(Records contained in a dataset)
----

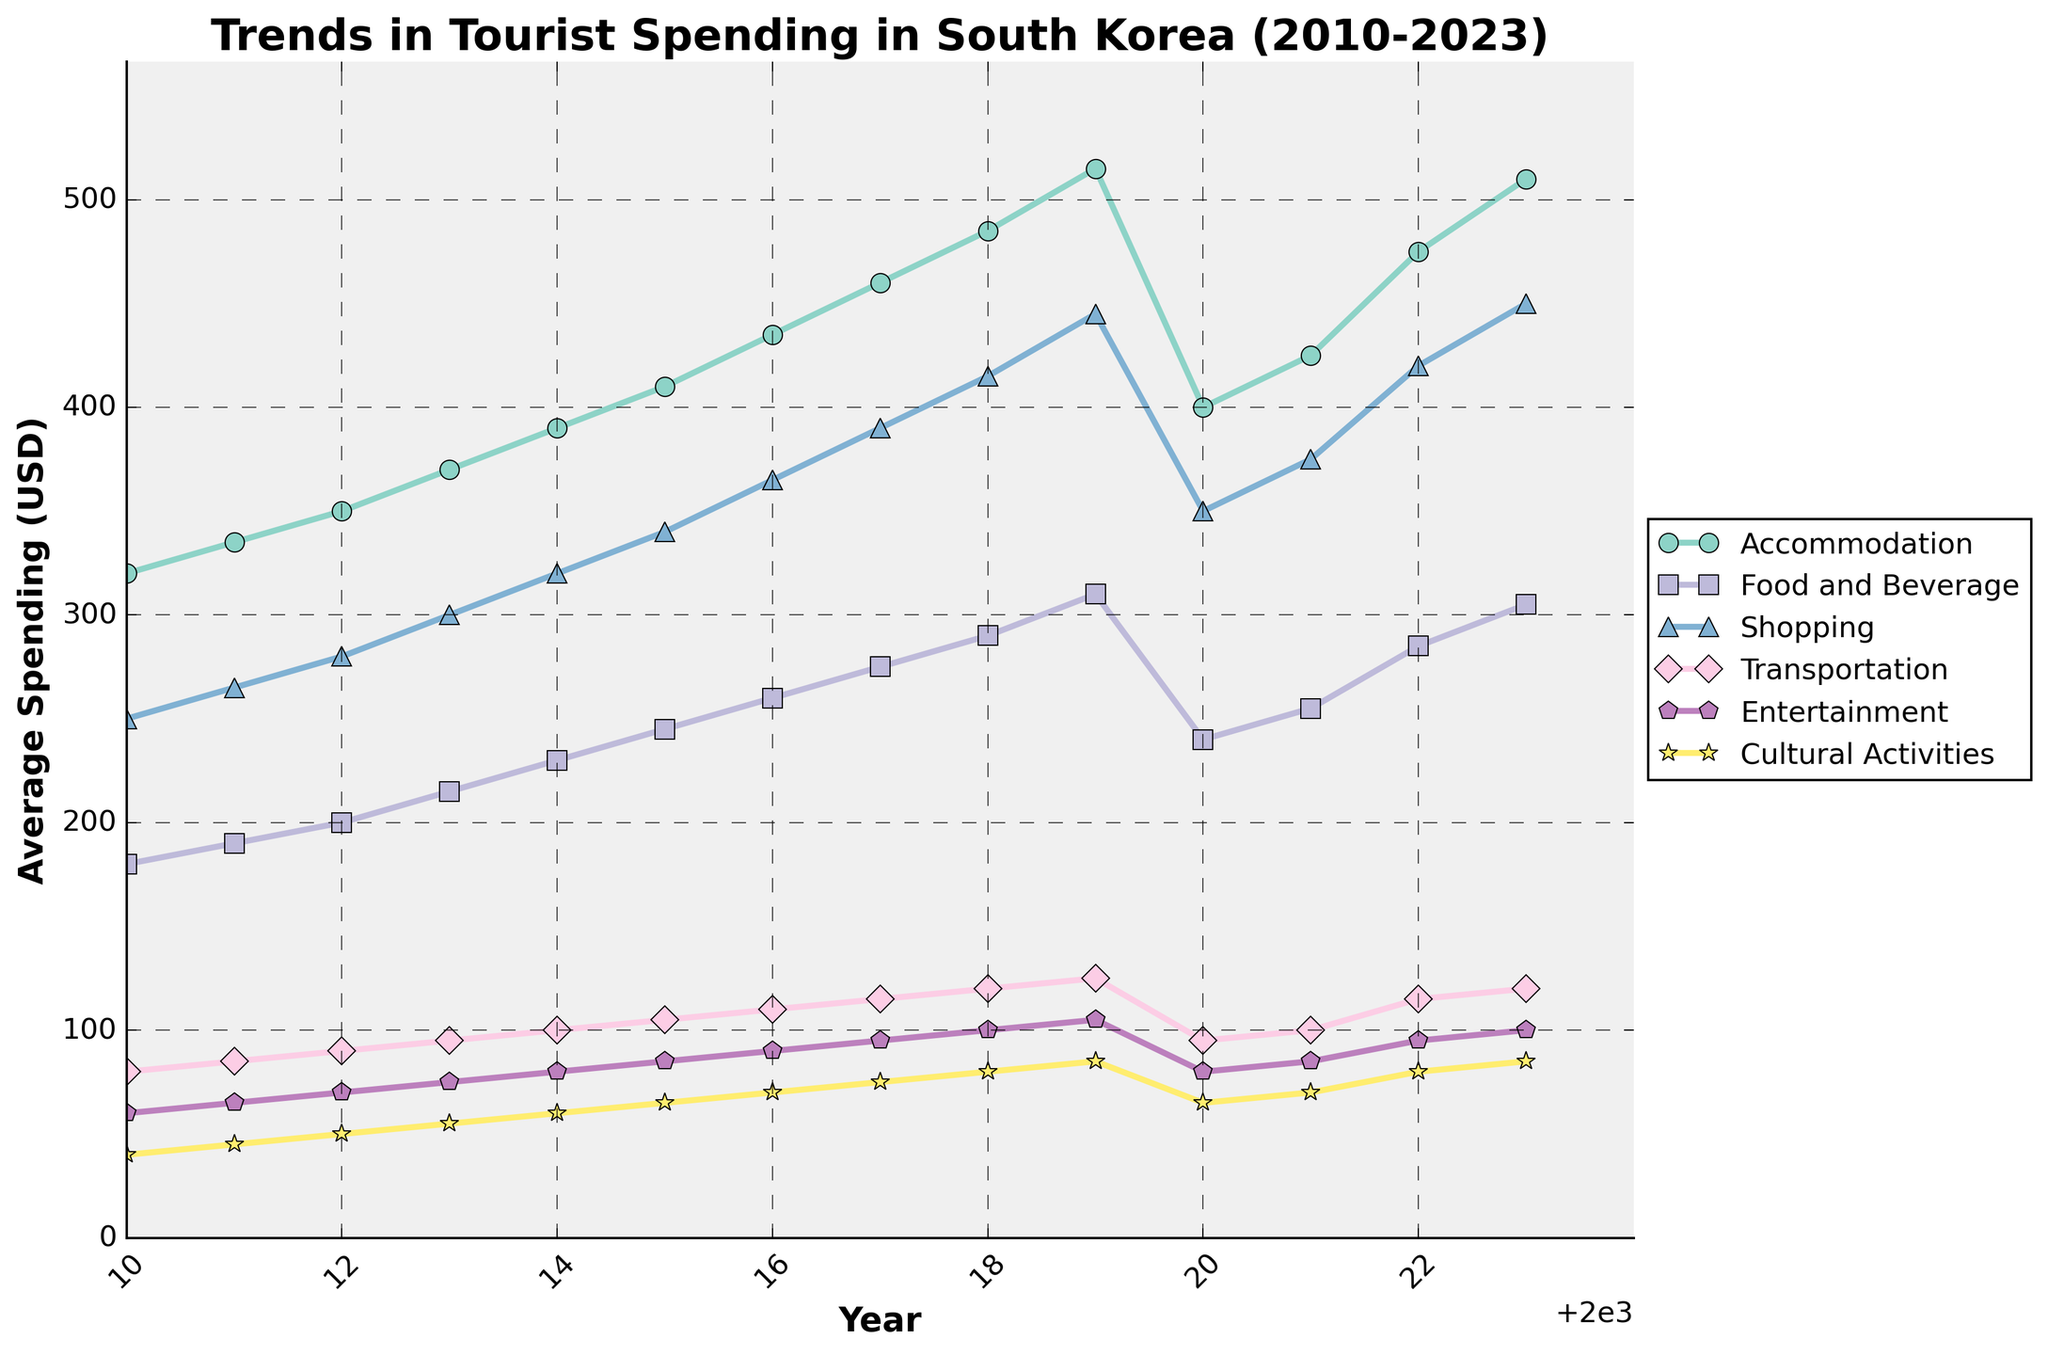What is the overall trend in average spending on Accommodation from 2010 to 2023? The line representing Accommodation shows a general upward trend from 320 USD in 2010 to 510 USD in 2023, with a dip in 2020 due to the Covid-19 pandemic.
Answer: Upward Which type of expenditure increased the most between 2010 and 2023? To find the type of expenditure that increased the most, calculate the difference for each category between 2023 and 2010. Accommodation increased by 190 USD, Food and Beverage by 125 USD, Shopping by 200 USD, Transportation by 40 USD, Entertainment by 40 USD, and Cultural Activities by 45 USD. Shopping has the highest increase.
Answer: Shopping In which year did Tourist's overall spending on Cultural Activities surpass 70 USD for the first time? The line for Cultural Activities crosses 70 USD in 2016.
Answer: 2016 How did the average spending on Transportation change during the Covid-19 pandemic years (2020-2021)? Between 2020 and 2021, the average spending on Transportation slightly increased from 95 USD to 100 USD.
Answer: Increased Compare the spending on Accommodation and Shopping in 2022. Which was higher and by how much? In 2022, the spending on Accommodation was 475 USD, and on Shopping was 420 USD. The difference is 475 - 420 = 55 USD.
Answer: Accommodation by 55 USD Which category had the least spending in 2023, and what was the amount? Cultural Activities had the least spending in 2023, which is 85 USD.
Answer: Cultural Activities, 85 USD What was the percentage increase in average spending on Entertainment from 2010 to 2023? To find the percentage increase, use the formula: ((final value - initial value)/initial value) * 100. For Entertainment, it is ((100 - 60)/60) * 100 = 66.67%.
Answer: 66.67% If the trend in Food and Beverage continues, what would the projected spending be in 2024? Looking at the increase from 2022 to 2023, which is 305 - 285 = 20 USD, assuming the same increase, the projected spending in 2024 would be 305 + 20 = 325 USD.
Answer: 325 USD By how much did the average spending on Shopping and Food and Beverage together exceed the spending on Accommodation in 2019? In 2019, Shopping was 445 USD and Food and Beverage was 310 USD. Together, they are 445 + 310 = 755 USD. Accommodation was 515 USD. The difference is 755 - 515 = 240 USD.
Answer: 240 USD Between which consecutive years did the spending on Accommodation see the highest increase? To find the highest increase, calculate the differences year by year. The highest increase is between 2022 and 2023, which is 510 - 475 = 35 USD.
Answer: 2022-2023

----

== Problem statement ==
Look above for the line with "Answer: 2016 How"; retype exactly that line, every line after it up to the line with "Answer: Accommodation by", and that line too, nothing else.

== Solution for this problem ==
Answer: 2016 How did the average spending on Transportation change during the Covid-19 pandemic years (2020-2021)? Between 2020 and 2021, the average spending on Transportation slightly increased from 95 USD to 100 USD.
Answer: Increased Compare the spending on Accommodation and Shopping in 2022. Which was higher and by how much? In 2022, the spending on Accommodation was 475 USD, and on Shopping was 420 USD. The difference is 475 - 420 = 55 USD.
Answer: Accommodation by 55 USD Which category had the least spending in 2023, and what was the amount? Cultural Activities had the least spending in 2023, which is 85 USD.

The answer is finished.